In the absence of its inducer (allolactose) the lac operon remains repressed because of the binding of lac repressor to the operator. When lactose becomes available, a few molecules are converted to allolactose by b-galactosidase. Allolactose then binds to the repressor, causing a change in its conformation that promotes dissociation from the operator. Once the inactive repressor diffuses away from the operator, the transcription of the structural genes is initiated. The lac operon remains active until the lactose supply is consumed. The repressor subsequently reverts to its active form and rebinds to the operator.

Glucose is the preferred carbon and energy source for E. coli In the event that the organism is exposed to both glucose and lactose, the glucose is metabolized first. Syntheses of the lac operon enzymes are induced only after the glucose is no longer available. (This makes sense because glucose is more commonly available and has a central role in cellular metabolism. Why expend the energy to synthesize the enzymes required for the metabolism of other sugars if glucose is also available?) The delay in activating the lac operon is mediated by a catabolite gene activator protein (CAP). CAP is an allosteric homodimer that binds to the chromosome at a site directly in front of the lac promoter when glucose is absent. CAP can act as an indicator of glucose concentration because of its capacity to bind to cAMP. (For reasons that are not yet clear, the cell's cAMP concentration is inversely related to glucose concentration.) The binding of cAMP to CAP, a process that occurs only when glucose is absent and cAMP levels are high, causes a conformational change that allows the protein to bind to the lac promoter. CAP binding promotes transcription by increasing the affinity of RNA polymerase for the lac promoter. In other words, CAP exerts a positive or activating control on lactose metabolism.

Protein synthesis is an extraordinarily complex process in which genetic information encoded in the nucleic acids is "translated" into the 20 amino acid "alphabet" of polypeptides.


Translational Control Mechanisms

Protein synthesis is an exceptionally expensive process. With a cost of four high-energy phosphate bonds per peptide bond (i.e., two bonds expended during tRNA charging and one each during A site-tRNA binding and translocation) it is perhaps not surprising that enormous quantities of energy are involved.

Although the speed and accuracy of translation require a high energy input, the cost would be even higher without metabolic control mechanisms. It is these mechanisms that allow prokaryotic cells to compete with each other for limited nutritional resources.

Eukariotic translation control mechanisms are proving to be exceptionally complex, substantially more so than those observed in prokaryotes. In prokaryotes such as E. coli, most of the control of protein synthesis occurs at the level of transcription. This circumstance makes sense for several reasons. First, transcription and translation are directly coupled; that is, translation is initiated shortly after transcription begins. Second, the lifetime of prokaryotic mRNA is usually relatively short. With half-lives of between 1 and 3 minutes, the types of mRNAs produced in a cell can be quickly altered as environmental conditions change.

Despite the preeminence of transcriptional control mechanisms, there are variations in the rates of prokaryotic mRNA translation.
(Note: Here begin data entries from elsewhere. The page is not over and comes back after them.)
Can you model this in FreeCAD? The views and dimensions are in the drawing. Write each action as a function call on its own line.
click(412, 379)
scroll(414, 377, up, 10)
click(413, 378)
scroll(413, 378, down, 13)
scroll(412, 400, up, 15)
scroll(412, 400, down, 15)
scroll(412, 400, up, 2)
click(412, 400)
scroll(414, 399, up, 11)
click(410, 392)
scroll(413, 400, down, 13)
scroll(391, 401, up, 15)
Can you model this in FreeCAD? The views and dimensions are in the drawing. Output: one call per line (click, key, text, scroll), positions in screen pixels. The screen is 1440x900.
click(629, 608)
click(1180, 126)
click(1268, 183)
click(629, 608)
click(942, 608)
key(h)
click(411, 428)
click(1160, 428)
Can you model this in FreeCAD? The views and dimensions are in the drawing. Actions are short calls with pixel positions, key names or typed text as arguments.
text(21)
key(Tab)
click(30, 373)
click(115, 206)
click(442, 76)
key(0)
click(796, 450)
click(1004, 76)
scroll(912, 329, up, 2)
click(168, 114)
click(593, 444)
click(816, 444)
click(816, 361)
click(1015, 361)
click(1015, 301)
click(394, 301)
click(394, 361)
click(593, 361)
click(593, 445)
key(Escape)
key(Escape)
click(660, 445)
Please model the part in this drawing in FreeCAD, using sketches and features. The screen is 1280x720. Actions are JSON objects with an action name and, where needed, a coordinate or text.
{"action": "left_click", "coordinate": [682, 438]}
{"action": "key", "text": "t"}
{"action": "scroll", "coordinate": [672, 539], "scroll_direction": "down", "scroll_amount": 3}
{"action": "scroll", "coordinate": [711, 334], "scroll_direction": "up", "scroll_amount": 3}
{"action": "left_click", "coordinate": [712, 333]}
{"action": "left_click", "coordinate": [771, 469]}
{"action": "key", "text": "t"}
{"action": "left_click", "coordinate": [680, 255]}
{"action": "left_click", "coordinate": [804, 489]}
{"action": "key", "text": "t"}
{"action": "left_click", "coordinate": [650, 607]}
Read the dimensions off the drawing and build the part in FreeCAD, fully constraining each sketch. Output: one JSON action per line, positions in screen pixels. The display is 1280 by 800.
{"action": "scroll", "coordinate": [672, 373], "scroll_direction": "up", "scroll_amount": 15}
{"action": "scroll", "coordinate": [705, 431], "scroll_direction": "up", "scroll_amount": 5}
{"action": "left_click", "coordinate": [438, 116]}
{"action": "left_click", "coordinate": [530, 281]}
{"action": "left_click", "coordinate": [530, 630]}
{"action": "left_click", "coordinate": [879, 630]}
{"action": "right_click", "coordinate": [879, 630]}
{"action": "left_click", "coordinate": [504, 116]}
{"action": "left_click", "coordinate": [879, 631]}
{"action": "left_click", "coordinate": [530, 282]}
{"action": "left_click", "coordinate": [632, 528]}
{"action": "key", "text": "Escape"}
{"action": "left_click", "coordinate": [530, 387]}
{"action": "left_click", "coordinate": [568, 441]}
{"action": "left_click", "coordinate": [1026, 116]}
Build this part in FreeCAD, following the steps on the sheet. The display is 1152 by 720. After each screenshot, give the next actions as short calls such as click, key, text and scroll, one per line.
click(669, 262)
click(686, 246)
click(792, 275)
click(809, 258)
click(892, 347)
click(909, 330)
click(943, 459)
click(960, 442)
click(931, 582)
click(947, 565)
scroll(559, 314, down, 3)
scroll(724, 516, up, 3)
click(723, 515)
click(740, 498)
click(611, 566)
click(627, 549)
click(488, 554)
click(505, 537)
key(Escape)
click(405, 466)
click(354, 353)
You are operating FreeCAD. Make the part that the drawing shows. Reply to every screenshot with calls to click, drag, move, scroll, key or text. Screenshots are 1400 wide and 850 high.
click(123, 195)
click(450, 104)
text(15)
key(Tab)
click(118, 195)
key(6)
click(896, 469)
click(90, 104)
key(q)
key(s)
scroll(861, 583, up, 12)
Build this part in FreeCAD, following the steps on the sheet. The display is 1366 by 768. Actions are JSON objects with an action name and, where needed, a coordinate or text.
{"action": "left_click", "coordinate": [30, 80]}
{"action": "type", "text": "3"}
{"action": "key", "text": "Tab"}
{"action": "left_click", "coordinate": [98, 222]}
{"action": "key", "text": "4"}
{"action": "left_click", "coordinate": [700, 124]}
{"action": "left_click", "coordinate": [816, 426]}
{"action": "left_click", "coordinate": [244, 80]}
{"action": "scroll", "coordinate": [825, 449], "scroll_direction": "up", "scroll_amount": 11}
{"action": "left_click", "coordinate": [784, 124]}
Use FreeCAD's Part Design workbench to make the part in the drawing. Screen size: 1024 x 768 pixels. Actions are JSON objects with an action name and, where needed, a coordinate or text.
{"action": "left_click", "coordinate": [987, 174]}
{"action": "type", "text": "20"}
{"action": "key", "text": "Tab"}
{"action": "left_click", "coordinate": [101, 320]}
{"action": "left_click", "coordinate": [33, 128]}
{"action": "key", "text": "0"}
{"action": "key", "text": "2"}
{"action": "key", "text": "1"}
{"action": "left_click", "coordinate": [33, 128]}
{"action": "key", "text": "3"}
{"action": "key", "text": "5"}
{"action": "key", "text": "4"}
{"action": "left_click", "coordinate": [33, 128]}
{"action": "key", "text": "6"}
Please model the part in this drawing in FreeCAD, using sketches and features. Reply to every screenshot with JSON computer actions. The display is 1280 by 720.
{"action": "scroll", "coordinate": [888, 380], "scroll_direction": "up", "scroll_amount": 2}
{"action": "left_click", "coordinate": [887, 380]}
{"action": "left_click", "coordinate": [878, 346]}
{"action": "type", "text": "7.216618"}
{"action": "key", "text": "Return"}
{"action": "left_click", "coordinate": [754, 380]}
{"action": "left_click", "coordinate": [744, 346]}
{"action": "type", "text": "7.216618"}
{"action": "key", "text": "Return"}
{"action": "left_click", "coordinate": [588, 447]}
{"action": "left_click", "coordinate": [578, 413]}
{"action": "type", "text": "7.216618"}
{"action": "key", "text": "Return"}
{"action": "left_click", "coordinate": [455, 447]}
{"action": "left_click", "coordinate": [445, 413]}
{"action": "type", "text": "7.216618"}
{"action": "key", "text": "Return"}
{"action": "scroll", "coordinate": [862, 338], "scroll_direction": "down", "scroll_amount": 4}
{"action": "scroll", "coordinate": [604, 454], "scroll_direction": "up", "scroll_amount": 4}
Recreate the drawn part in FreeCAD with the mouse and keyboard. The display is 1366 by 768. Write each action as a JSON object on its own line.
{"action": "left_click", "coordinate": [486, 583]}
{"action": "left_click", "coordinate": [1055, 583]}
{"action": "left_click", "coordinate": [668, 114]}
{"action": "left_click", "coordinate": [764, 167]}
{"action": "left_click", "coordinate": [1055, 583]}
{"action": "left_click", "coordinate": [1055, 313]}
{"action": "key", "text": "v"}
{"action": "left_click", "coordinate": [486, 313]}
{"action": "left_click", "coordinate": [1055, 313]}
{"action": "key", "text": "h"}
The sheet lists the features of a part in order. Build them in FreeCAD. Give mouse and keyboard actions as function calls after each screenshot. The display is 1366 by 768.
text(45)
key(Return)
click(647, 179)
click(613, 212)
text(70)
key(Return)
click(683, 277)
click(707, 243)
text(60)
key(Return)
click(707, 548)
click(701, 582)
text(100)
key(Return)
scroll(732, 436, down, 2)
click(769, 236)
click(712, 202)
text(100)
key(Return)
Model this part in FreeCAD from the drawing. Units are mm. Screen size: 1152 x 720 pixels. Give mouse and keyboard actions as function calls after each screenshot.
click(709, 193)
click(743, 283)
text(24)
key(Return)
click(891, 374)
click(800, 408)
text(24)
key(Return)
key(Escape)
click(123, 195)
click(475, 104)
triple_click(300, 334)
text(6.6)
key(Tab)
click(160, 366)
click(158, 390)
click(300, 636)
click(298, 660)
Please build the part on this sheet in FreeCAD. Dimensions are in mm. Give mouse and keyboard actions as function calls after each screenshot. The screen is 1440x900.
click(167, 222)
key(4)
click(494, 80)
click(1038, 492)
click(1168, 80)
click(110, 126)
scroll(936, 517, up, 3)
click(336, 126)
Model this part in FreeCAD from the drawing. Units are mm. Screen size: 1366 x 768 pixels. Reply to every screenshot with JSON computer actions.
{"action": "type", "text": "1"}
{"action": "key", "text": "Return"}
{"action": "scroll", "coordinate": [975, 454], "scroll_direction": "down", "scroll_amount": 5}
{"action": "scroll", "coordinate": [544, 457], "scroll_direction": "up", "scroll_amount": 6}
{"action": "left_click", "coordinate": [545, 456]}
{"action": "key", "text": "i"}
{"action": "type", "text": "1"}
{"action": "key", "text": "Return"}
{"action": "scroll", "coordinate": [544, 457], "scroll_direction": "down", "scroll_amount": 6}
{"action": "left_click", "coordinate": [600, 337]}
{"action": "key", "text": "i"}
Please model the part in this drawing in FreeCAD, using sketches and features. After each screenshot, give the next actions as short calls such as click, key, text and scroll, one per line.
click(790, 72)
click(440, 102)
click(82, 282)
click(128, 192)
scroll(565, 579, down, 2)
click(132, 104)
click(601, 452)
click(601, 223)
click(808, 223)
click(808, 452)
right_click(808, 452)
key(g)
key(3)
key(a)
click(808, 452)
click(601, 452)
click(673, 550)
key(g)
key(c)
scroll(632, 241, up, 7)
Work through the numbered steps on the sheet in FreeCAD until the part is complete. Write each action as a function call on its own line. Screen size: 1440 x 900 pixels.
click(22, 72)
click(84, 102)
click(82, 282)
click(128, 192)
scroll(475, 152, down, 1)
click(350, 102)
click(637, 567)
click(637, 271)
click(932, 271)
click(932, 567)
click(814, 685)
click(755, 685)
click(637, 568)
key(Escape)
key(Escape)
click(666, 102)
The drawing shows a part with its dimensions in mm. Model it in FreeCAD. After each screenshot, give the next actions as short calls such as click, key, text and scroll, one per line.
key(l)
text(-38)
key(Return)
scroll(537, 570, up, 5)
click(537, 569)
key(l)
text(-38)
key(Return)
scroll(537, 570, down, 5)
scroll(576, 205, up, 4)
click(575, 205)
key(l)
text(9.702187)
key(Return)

An interesting example of negative translational regulation in prokaryotes is provided by ribosomal protein synthesis. There are approximately 55 proteins in prokaryotic ribosomes. These molecules are coded for by genes occurring in 20 operons. Efficient bacterial growth requires that their synthesis be coordinately regulated among the operons as well as with rRNA synthesis. For example, in the PL11 operon, which contains the genes for the ribosomal proteins L1 and L11, excessive amounts of L1 (i.e., more L1 molecules than can bind available 23S rRNA) trigger an inhibition of PL11 mRNA translation. Apparently, LI can bind to either 23S rRNA or PL11 mRNA. In the absence of 23S rRNA, LI inhibits the translation of its own operon by binding to the 5' end of PL11 mRNA.